I am a novice R user and I have a large dataframe (1700 columns) that is organized by data and flag columns:
df <- data.frame( "100249 MERCURY TOTAL ug/L" = runif(10),
"100397 TRIHALOMETHANES ug/L" = runif(10),
"100397 TRIHALOMETHANES ug/L FLAG" = c("L", "L", NA, "L", "L", NA, "L", NA, NA, NA),
"100407 XYLENE ug/L" = runif(10),
"100407 XYLENE ug/L FLAG" = c("L", NA, "L", "L", "L", NA, "L", NA, "L", "L"),
check.names=FALSE )
There is no pattern to the data, not every parameter has an associated FLAG column.

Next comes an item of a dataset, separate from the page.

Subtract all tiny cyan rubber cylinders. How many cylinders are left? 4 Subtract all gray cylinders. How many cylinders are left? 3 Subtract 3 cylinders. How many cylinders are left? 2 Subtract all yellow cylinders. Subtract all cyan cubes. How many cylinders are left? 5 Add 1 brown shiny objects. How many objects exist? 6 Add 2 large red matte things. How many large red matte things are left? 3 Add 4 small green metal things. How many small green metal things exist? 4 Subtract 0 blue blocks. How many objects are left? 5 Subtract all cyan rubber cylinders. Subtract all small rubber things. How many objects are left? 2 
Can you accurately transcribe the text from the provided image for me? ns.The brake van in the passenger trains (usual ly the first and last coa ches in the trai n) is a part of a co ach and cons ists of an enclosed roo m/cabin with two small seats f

I would like to merge the matching data and flags together, with the flag first and then the numeric data in each cell, and rename the merged columns '100397 TRIHALOMETHANES ug/_COMB' and repeat for every pair of data & flag columns.
So far I have got it to search for the FLAG columns using grepl, create a new header using gsub and paste0, but the lapply and merge functions to combine the columns are not working for me. I have also have been reading that people use 'paste' or tidyr's 'unite' to merge columns, but nothing has been successful so far.
A sample of my code:
lapply(df, function(x) if (grepl("*\\FLAG$", colnames(df(x)))) {
newcol = paste0("df$", gsub("*\\FLAG$", "", colnames(df(x))), "_COMB")
assign(newcol, merge(df[x], df[x-1], all= T))
})
Any advice would be greatly appreciated, thank you.